餘額不足
水雲間出事後,亂了一陣,薛崇訓的那些隨從也過來了,他現在倒是有人可以差遣。問題就是他訓請得動宇文姬嗎?她既恨薛崇訓,恐怕就不會買賬。
看着蒙小雨那張清純的還帶着稚氣的蒼白小臉,她滿面的痛楚分外可憐……薛崇訓沒有朋友,這個姑娘,雖然出身不好,但她算是他一個小小的朋友,可以說上幾句話那種。薛崇訓這個人,表面上和誰都能相處,但骨子裡卻愛憎分明,對看着不爽的人他真下得起手會十分殘暴,順眼的人卻不計報酬變得很好很大方,冰火兩重天的性子。
他想罷便對身邊的一個隨從道:“你去宇文家,請宇文姬……等等。”薛崇訓有個預感,這麼去請估計很難。
正當他埋頭思索辦法時,那個老郎中的眼睛頓時一亮:“這位郎君,你認識宇文神醫?”
薛崇訓轉頭看着老郎中道:“老先生也聽說過宇文姬?是了,您是行醫的人,對同行的事應該知道得多一點。您覺得宇文姬能治鶴頂紅嗎?”
老郎中道:“如雷貫耳啊!宇文神醫那可是能給今上把脈的人,御醫都比不上,沒聽過她?那老朽就真是孤陋寡聞了……只是這鶴頂紅的毒,老朽不敢斷言宇文神醫能不能治,按理這種毒一入經脈,就不是人間能治的;但既然是神醫,總是有些我等凡輩無法明瞭的手法。”
“宇文姬能這麼出名?”薛崇訓真有些驚訝。
郎中道:“在市井之中她是不怎麼出名,但在醫界,甚至在文人界卻可以說是無人不知、無人不曉。其緣由並不是她治好了今上的偏頭痛,這算不得什麼,她的名氣是因爲有一個很厲害的傳道授業的師父。”
薛崇訓道:“哦?我怎麼沒聽說過?”
老郎中一臉崇拜道:“因爲他是個隱士,真正的隱士,神龍見尾不見首,除宇文神醫外,他一生從未收過徒弟,卻與宇文家有了機緣,遂收了宇文神醫(宇文姬)爲徒……郎君別誤會,李鬼手李玄衣(大概就是他口中的隱士)並非隱居終南山、想走終南捷徑之徒,他根本不屑做官,皇帝的聖旨他都不會理會。大隱隱於市,倒是那些貧苦百姓常常能得到李鬼手的醫治,王公貴族亦是無緣。”
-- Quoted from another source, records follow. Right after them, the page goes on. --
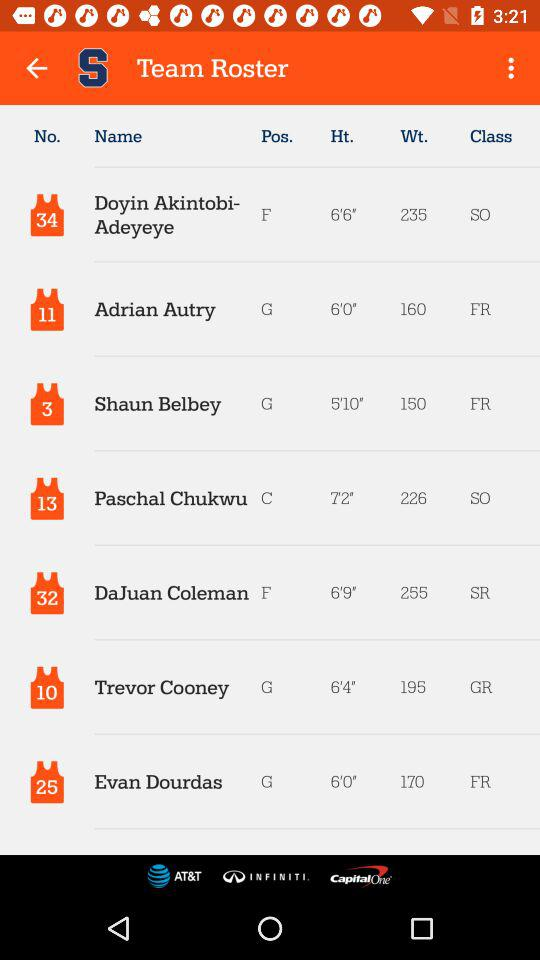What's the position of Trevor Cooney? The position of Trevor Cooney is "G". 
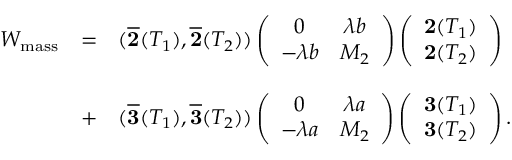Convert formula to latex. <formula><loc_0><loc_0><loc_500><loc_500>\begin{array} { c c l } { { W _ { m a s s } } } & { = } & { { ( \overline { 2 } ( T _ { 1 } ) , \overline { 2 } ( T _ { 2 } ) ) \left ( \begin{array} { c c } { 0 } & { \lambda b } \\ { - \lambda b } & { { M _ { 2 } } } \end{array} \right ) \left ( \begin{array} { c } { { { 2 } ( T _ { 1 } ) } } \\ { { { 2 } ( T _ { 2 } ) } } \end{array} \right ) } } & { + } & { { ( \overline { 3 } ( T _ { 1 } ) , \overline { 3 } ( T _ { 2 } ) ) \left ( \begin{array} { c c } { 0 } & { \lambda a } \\ { - \lambda a } & { { M _ { 2 } } } \end{array} \right ) \left ( \begin{array} { c } { { { 3 } ( T _ { 1 } ) } } \\ { { { 3 } ( T _ { 2 } ) } } \end{array} \right ) . } } \end{array}</formula> 
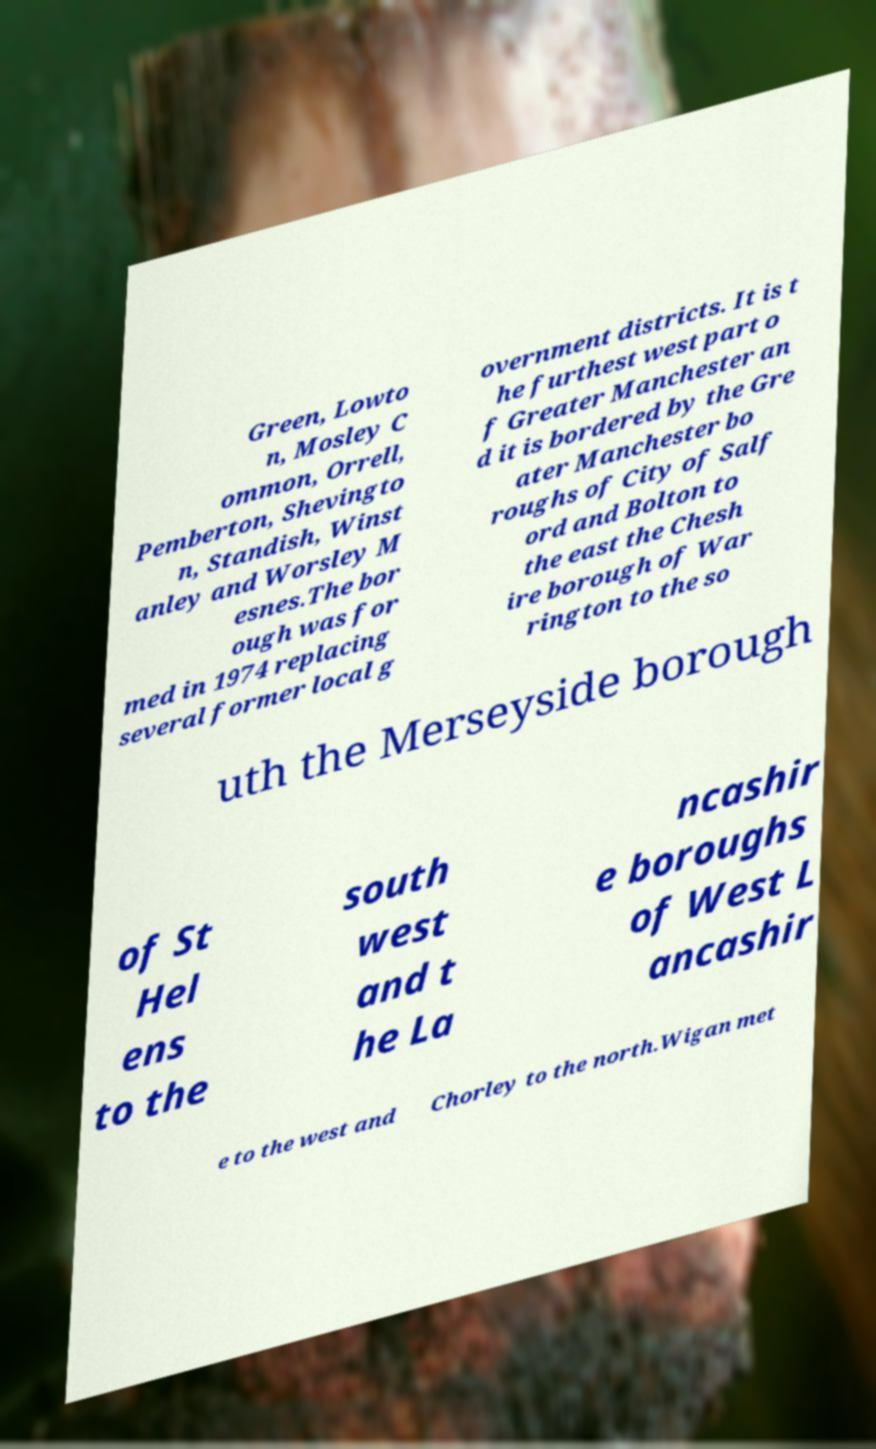Please read and relay the text visible in this image. What does it say? Green, Lowto n, Mosley C ommon, Orrell, Pemberton, Shevingto n, Standish, Winst anley and Worsley M esnes.The bor ough was for med in 1974 replacing several former local g overnment districts. It is t he furthest west part o f Greater Manchester an d it is bordered by the Gre ater Manchester bo roughs of City of Salf ord and Bolton to the east the Chesh ire borough of War rington to the so uth the Merseyside borough of St Hel ens to the south west and t he La ncashir e boroughs of West L ancashir e to the west and Chorley to the north.Wigan met 
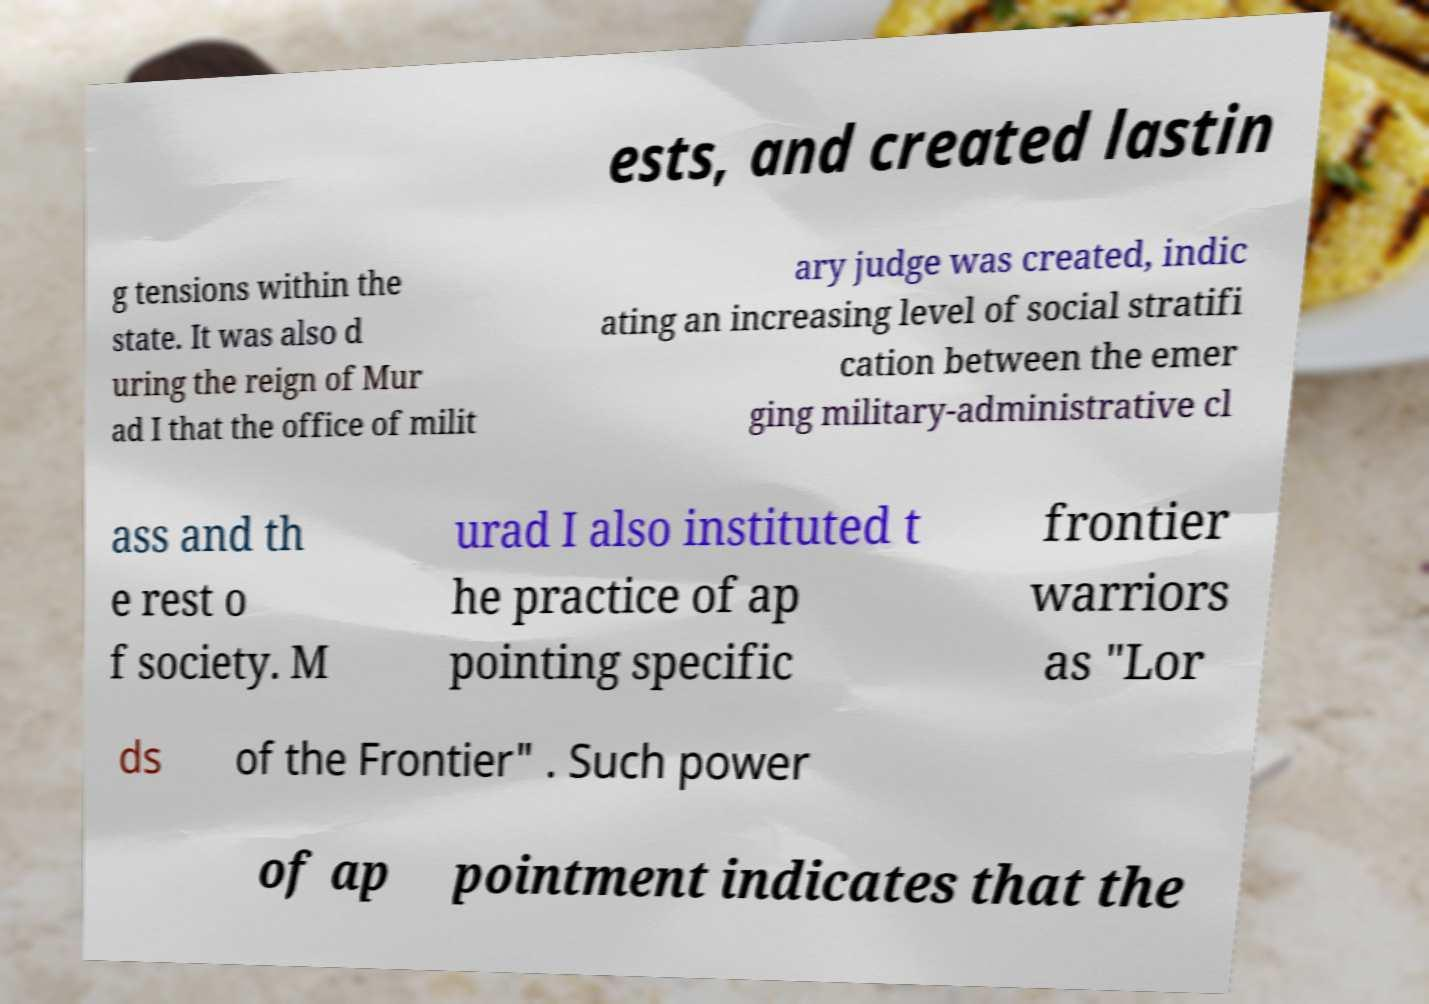There's text embedded in this image that I need extracted. Can you transcribe it verbatim? ests, and created lastin g tensions within the state. It was also d uring the reign of Mur ad I that the office of milit ary judge was created, indic ating an increasing level of social stratifi cation between the emer ging military-administrative cl ass and th e rest o f society. M urad I also instituted t he practice of ap pointing specific frontier warriors as "Lor ds of the Frontier" . Such power of ap pointment indicates that the

老郎中幾乎忘記了牀上要死了的病人,猶自沉浸在自己的崇拜之中,喃喃道:“子曰,朝聞道,夕死可矣。如果老朽此生能有緣見一面李鬼手,死亦無憾……”
薛崇訓沒管他在那裡故弄玄虛、牛|批吹得震天響,薛崇訓心裡還掛念着要死了的蒙小雨。
這時剛纔被吩咐去請宇文姬、又被喊住的隨從說道:“郎君,我還要去宇文家嗎?”
薛崇訓看了那侍從一眼,對這個侍從薛崇訓有點印象,在方俞忠手下混的,和方俞忠一樣有點木納,叫他去口舌上的隨機應變恐怕不成。薛崇訓把目光移到到瘦子吉祥身上,這個奴僕人長得木柴棒似的卻喜歡胖女人,但嘴皮子不賴。
“吉祥,你去。我和宇文姬有點誤會,怕她不會來,所以你別提是我請的,你自個想辦法把她請到這裡來。如果請得來,給你記一功;如果請不來,晚上回去十板子。願不願賭一把?”
吉祥這廝還有個愛好,好賭如命,薛崇訓很瞭解他,所以故意在後面加那麼一句。再有就是薛崇訓說的記一功,好處是很大的,這要歸功於薛崇訓自創的“獎金制度”……十板子這賭本和可能贏得的好處,相比之下差別也太大了。
吉祥根本沒有半點猶豫,立刻點頭道:“郎君,包在我身上,我吉祥的賭品您是知道的,別十板子,二十板子!不然不公平。”說罷一溜煙就跑出去了。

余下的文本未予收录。